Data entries
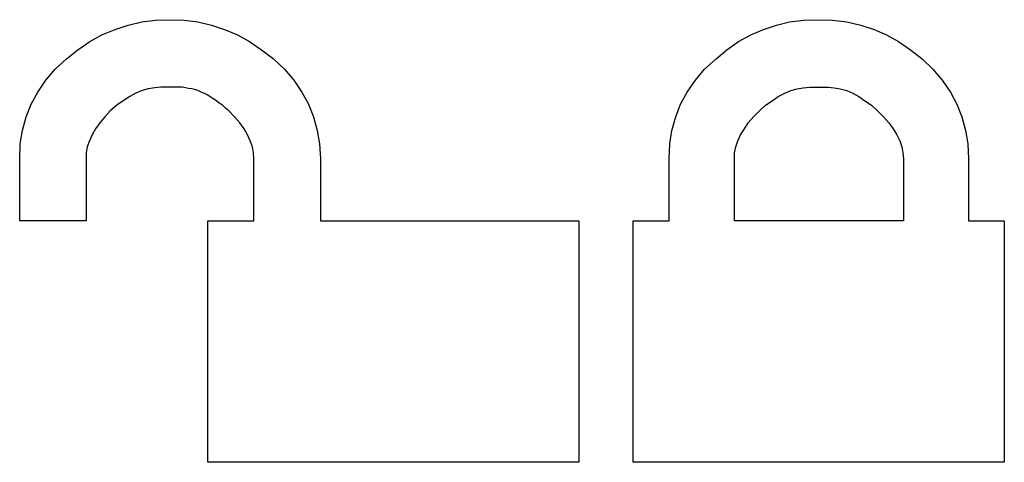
# Model space of a CAD drawing. Extents: x 0 to 26, y -0.6 to 2.3.
# Tile 10 of 10: x 22.5 to 26, y 0 to 1.6. Entities that reach past the tile are written whole.
import ezdxf

# ---------------------------------------------------------------- set-up
doc = ezdxf.new("R2010")
doc.units = 0

msp = doc.modelspace()

# ---------------------------------------------------------------- linework, layer by layer
at = {"color": 0}
for p, q in [((22.84766, 1.550781, 0.5), (22.89453, 1.566406, 0.5)), ((22.89453, 1.566406, 0.5), (22.94336, 1.578125, 0.5)), ((22.94336, 1.578125, 0.5), (22.99219, 1.583984, 0.5)), ((22.99219, 1.583984, 0.5), (23.04492, 1.585938, 0.5)), ((23.04492, 1.585938, 0.5), (23.0957, 1.583984, 0.5)), ((23.0957, 1.583984, 0.5), (23.14453, 1.578125, 0.5)), ((23.14453, 1.578125, 0.5), (23.19336, 1.566406, 0.5)), ((23.19336, 1.566406, 0.5), (23.24023, 1.550781, 0.5)), ((25.17188, 1.550781, 0.5), (25.21875, 1.566406, 0.5)), ((25.21875, 1.566406, 0.5), (25.26563, 1.578125, 0.5)), ((25.26563, 1.578125, 0.5), (25.31641, 1.583984, 0.5)), ((25.31641, 1.583984, 0.5), (25.36914, 1.585938, 0.5)), ((25.36914, 1.585938, 0.5), (25.41992, 1.583984, 0.5)), ((25.41992, 1.583984, 0.5), (25.4707, 1.578125, 0.5)), ((25.4707, 1.578125, 0.5), (25.52148, 1.566406, 0.5)), ((25.52148, 1.566406, 0.5), (25.56836, 1.550781, 0.5)), ((22.75781, 1.507813, 0.5), (22.80078, 1.53125, 0.5)), ((22.80078, 1.53125, 0.5), (22.84766, 1.550781, 0.5)), ((23.24023, 1.550781, 0.5), (23.28711, 1.53125, 0.5)), ((23.28711, 1.53125, 0.5), (23.33008, 1.507813, 0.5)), ((25.08203, 1.507813, 0.5), (25.12695, 1.53125, 0.5)), ((25.12695, 1.53125, 0.5), (25.17188, 1.550781, 0.5)), ((25.56836, 1.550781, 0.5), (25.61328, 1.53125, 0.5)), ((25.61328, 1.53125, 0.5), (25.65625, 1.507813, 0.5)), ((22.71484, 1.478516, 0.5), (22.75781, 1.507813, 0.5)), ((23.33008, 1.507813, 0.5), (23.37305, 1.478516, 0.5)), ((25.04102, 1.478516, 0.5), (25.08203, 1.507813, 0.5)), ((25.65625, 1.507813, 0.5), (25.69922, 1.478516, 0.5)), ((22.67383, 1.445313, 0.5), (22.71484, 1.478516, 0.5)), ((23.37305, 1.478516, 0.5), (23.41602, 1.445313, 0.5)), ((25.00195, 1.445313, 0.5), (25.04102, 1.478516, 0.5)), ((25.69922, 1.478516, 0.5), (25.74023, 1.445313, 0.5)), ((22.63281, 1.408203, 0.5), (22.67383, 1.445313, 0.5)), ((23.41602, 1.445313, 0.5), (23.45508, 1.408203, 0.5)), ((24.96094, 1.408203, 0.5), (25.00195, 1.445313, 0.5)), ((25.74023, 1.445313, 0.5), (25.7793, 1.408203, 0.5)), ((22.59961, 1.369141, 0.5), (22.63281, 1.408203, 0.5)), ((23.45508, 1.408203, 0.5), (23.48828, 1.369141, 0.5)), ((24.92773, 1.369141, 0.5), (24.96094, 1.408203, 0.5)), ((25.7793, 1.408203, 0.5), (25.8125, 1.369141, 0.5)), ((22.57031, 1.326172, 0.5), (22.59961, 1.369141, 0.5)), ((22.99023, 1.341797, 0.5), (22.9668, 1.337891, 0.5)), ((23.01172, 1.34375, 0.5), (22.99023, 1.341797, 0.5)), ((23.07617, 1.34375, 0.5), (23.01172, 1.34375, 0.5)), ((23.08789, 1.34375, 0.5), (23.07617, 1.34375, 0.5)), ((23.09961, 1.341797, 0.5), (23.08789, 1.34375, 0.5)), ((23.11133, 1.339844, 0.5), (23.09961, 1.341797, 0.5)), ((23.48828, 1.369141, 0.5), (23.51758, 1.326172, 0.5)), ((24.89844, 1.326172, 0.5), (24.92773, 1.369141, 0.5)), ((25.29297, 1.337891, 0.5), (25.31445, 1.341797, 0.5)), ((25.31445, 1.341797, 0.5), (25.33789, 1.34375, 0.5)), ((25.33789, 1.34375, 0.5), (25.4043, 1.34375, 0.5)), ((25.4043, 1.34375, 0.5), (25.42578, 1.341797, 0.5)), ((25.42578, 1.341797, 0.5), (25.44727, 1.337891, 0.5)), ((25.8125, 1.369141, 0.5), (25.8418, 1.326172, 0.5)), ((22.54688, 1.283203, 0.5), (22.57031, 1.326172, 0.5)), ((22.90039, 1.310547, 0.5), (22.87695, 1.294922, 0.5)), ((22.92188, 1.322266, 0.5), (22.90039, 1.310547, 0.5)), ((22.94531, 1.332031, 0.5), (22.92188, 1.322266, 0.5)), ((22.9668, 1.337891, 0.5), (22.94531, 1.332031, 0.5)), ((23.12305, 1.337891, 0.5), (23.11133, 1.339844, 0.5)), ((23.13281, 1.335938, 0.5), (23.12305, 1.337891, 0.5)), ((23.14453, 1.332031, 0.5), (23.13281, 1.335938, 0.5)), ((23.15625, 1.326172, 0.5), (23.14453, 1.332031, 0.5)), ((23.16602, 1.322266, 0.5), (23.15625, 1.326172, 0.5)), ((23.17773, 1.316406, 0.5), (23.16602, 1.322266, 0.5)), ((23.1875, 1.310547, 0.5), (23.17773, 1.316406, 0.5)), ((23.19922, 1.302734, 0.5), (23.1875, 1.310547, 0.5)), ((23.51758, 1.326172, 0.5), (23.54102, 1.283203, 0.5)), ((24.875, 1.283203, 0.5), (24.89844, 1.326172, 0.5)), ((25.20313, 1.294922, 0.5), (25.22461, 1.310547, 0.5)), ((25.22461, 1.310547, 0.5), (25.24805, 1.322266, 0.5)), ((25.24805, 1.322266, 0.5), (25.26953, 1.332031, 0.5)), ((25.26953, 1.332031, 0.5), (25.29297, 1.337891, 0.5)), ((25.44727, 1.337891, 0.5), (25.4707, 1.332031, 0.5)), ((25.4707, 1.332031, 0.5), (25.49219, 1.322266, 0.5)), ((25.49219, 1.322266, 0.5), (25.51367, 1.310547, 0.5)), ((25.51367, 1.310547, 0.5), (25.53516, 1.294922, 0.5)), ((25.8418, 1.326172, 0.5), (25.86523, 1.283203, 0.5)), ((22.5293, 1.238281, 0.5), (22.54688, 1.283203, 0.5)), ((22.85352, 1.279297, 0.5), (22.83008, 1.259766, 0.5)), ((22.87695, 1.294922, 0.5), (22.85352, 1.279297, 0.5)), ((23.21094, 1.294922, 0.5), (23.19922, 1.302734, 0.5)), ((23.2207, 1.287109, 0.5), (23.21094, 1.294922, 0.5)), ((23.23242, 1.279297, 0.5), (23.2207, 1.287109, 0.5)), ((23.24414, 1.269531, 0.5), (23.23242, 1.279297, 0.5)), ((23.54102, 1.283203, 0.5), (23.55859, 1.238281, 0.5)), ((24.85742, 1.238281, 0.5), (24.875, 1.283203, 0.5)), ((25.1582, 1.259766, 0.5), (25.17969, 1.279297, 0.5)), ((25.17969, 1.279297, 0.5), (25.20313, 1.294922, 0.5)), ((25.53516, 1.294922, 0.5), (25.55859, 1.279297, 0.5)), ((25.55859, 1.279297, 0.5), (25.58008, 1.259766, 0.5)), ((25.86523, 1.283203, 0.5), (25.88281, 1.238281, 0.5)), ((22.51563, 1.189453, 0.5), (22.5293, 1.238281, 0.5)), ((22.81055, 1.238281, 0.5), (22.79297, 1.216797, 0.5)), ((22.83008, 1.259766, 0.5), (22.81055, 1.238281, 0.5)), ((23.25586, 1.259766, 0.5), (23.24414, 1.269531, 0.5)), ((23.27539, 1.238281, 0.5), (23.25586, 1.259766, 0.5)), ((23.29492, 1.216797, 0.5), (23.27539, 1.238281, 0.5)), ((23.55859, 1.238281, 0.5), (23.57227, 1.189453, 0.5)), ((24.84375, 1.189453, 0.5), (24.85742, 1.238281, 0.5)), ((25.11719, 1.216797, 0.5), (25.13672, 1.238281, 0.5)), ((25.13672, 1.238281, 0.5), (25.1582, 1.259766, 0.5)), ((25.58008, 1.259766, 0.5), (25.60156, 1.238281, 0.5)), ((25.60156, 1.238281, 0.5), (25.62109, 1.216797, 0.5)), ((25.88281, 1.238281, 0.5), (25.89648, 1.189453, 0.5)), ((22.79297, 1.216797, 0.5), (22.77734, 1.195313, 0.5)), ((23.31055, 1.195313, 0.5), (23.29492, 1.216797, 0.5)), ((25.10352, 1.195313, 0.5), (25.11719, 1.216797, 0.5)), ((25.62109, 1.216797, 0.5), (25.63672, 1.195313, 0.5)), ((22.50781, 1.140625, 0.5), (22.51563, 1.189453, 0.5)), ((22.76563, 1.173828, 0.5), (22.75586, 1.152344, 0.5)), ((22.77734, 1.195313, 0.5), (22.76563, 1.173828, 0.5)), ((23.32227, 1.173828, 0.5), (23.31055, 1.195313, 0.5)), ((23.33203, 1.152344, 0.5), (23.32227, 1.173828, 0.5)), ((23.57227, 1.189453, 0.5), (23.58008, 1.140625, 0.5)), ((24.83594, 1.140625, 0.5), (24.84375, 1.189453, 0.5)), ((25.08008, 1.152344, 0.5), (25.08984, 1.173828, 0.5)), ((25.08984, 1.173828, 0.5), (25.10352, 1.195313, 0.5)), ((25.63672, 1.195313, 0.5), (25.65039, 1.173828, 0.5)), ((25.65039, 1.173828, 0.5), (25.66016, 1.152344, 0.5)), ((25.89648, 1.189453, 0.5), (25.9043, 1.140625, 0.5)), ((22.50586, 1.087891, 0.5), (22.50781, 1.140625, 0.5)), ((22.74805, 1.130859, 0.5), (22.74414, 1.109375, 0.5)), ((22.75586, 1.152344, 0.5), (22.74805, 1.130859, 0.5)), ((23.33984, 1.130859, 0.5), (23.33203, 1.152344, 0.5)), ((23.34375, 1.109375, 0.5), (23.33984, 1.130859, 0.5)), ((23.58008, 1.140625, 0.5), (23.58398, 1.087891, 0.5)), ((24.83398, 1.087891, 0.5), (24.83594, 1.140625, 0.5)), ((25.06836, 1.109375, 0.5), (25.07227, 1.130859, 0.5)), ((25.07227, 1.130859, 0.5), (25.08008, 1.152344, 0.5)), ((25.66016, 1.152344, 0.5), (25.66797, 1.130859, 0.5)), ((25.66797, 1.130859, 0.5), (25.67188, 1.109375, 0.5)), ((25.9043, 1.140625, 0.5), (25.90625, 1.087891, 0.5)), ((22.74414, 1.109375, 0.5), (22.74414, 1.087891, 0.5)), ((23.3457, 1.087891, 0.5), (23.34375, 1.109375, 0.5)), ((25.06836, 1.087891, 0.5), (25.06836, 1.109375, 0.5)), ((25.67188, 1.109375, 0.5), (25.67383, 1.087891, 0.5)), ((22.50586, 0.865234, 0.5), (22.50586, 1.087891, 0.5)), ((22.74414, 1.087891, 0.5), (22.74414, 0.865234, 0.5)), ((23.3457, 0.865234, 0.5), (23.3457, 1.087891, 0.5)), ((23.58398, 1.087891, 0.5), (23.58398, 0.865234, 0.5)), ((24.83398, 0.865234, 0.5), (24.83398, 1.087891, 0.5)), ((25.06836, 0.865234, 0.5), (25.06836, 1.087891, 0.5)), ((25.67383, 1.087891, 0.5), (25.67383, 0.865234, 0.5)), ((25.90625, 1.087891, 0.5), (25.90625, 0.865234, 0.5)), ((22.74414, 0.865234, 0.5), (22.50586, 0.865234, 0.5)), ((23.17969, 0, 0.5), (23.17969, 0.865234, 0.5)), ((23.17969, 0.865234, 0.5), (23.3457, 0.865234, 0.5)), ((23.58398, 0.865234, 0.5), (24.50977, 0.865234, 0.5)), ((24.50977, 0.865234, 0.5), (24.50977, 0, 0.5)), ((24.70508, 0.865234, 0.5), (24.83398, 0.865234, 0.5)), ((24.70508, 0, 0.5), (24.70508, 0.865234, 0.5)), ((25.67383, 0.865234, 0.5), (25.06836, 0.865234, 0.5)), ((25.90625, 0.865234, 0.5), (26.03516, 0.865234, 0.5)), ((26.03516, 0.865234, 0.5), (26.03516, 0, 0.5)), ((24.50977, 0, 0.5), (23.17969, 0, 0.5)), ((26.03516, 0, 0.5), (24.70508, 0, 0.5))]:
    msp.add_line(p, q, dxfattribs=at)

doc.saveas('drawing.dxf')

= Task objective =
Skip every picture and return the lines above from the top through the one that contains "msp = doc.modelspace()".

= Answer below =
# Model space of a CAD drawing. Extents: x 0 to 26, y -0.6 to 2.3.
# Tile 10 of 10: x 22.5 to 26, y 0 to 1.6. Entities that reach past the tile are written whole.
import ezdxf

# ---------------------------------------------------------------- set-up
doc = ezdxf.new("R2010")
doc.units = 0

msp = doc.modelspace()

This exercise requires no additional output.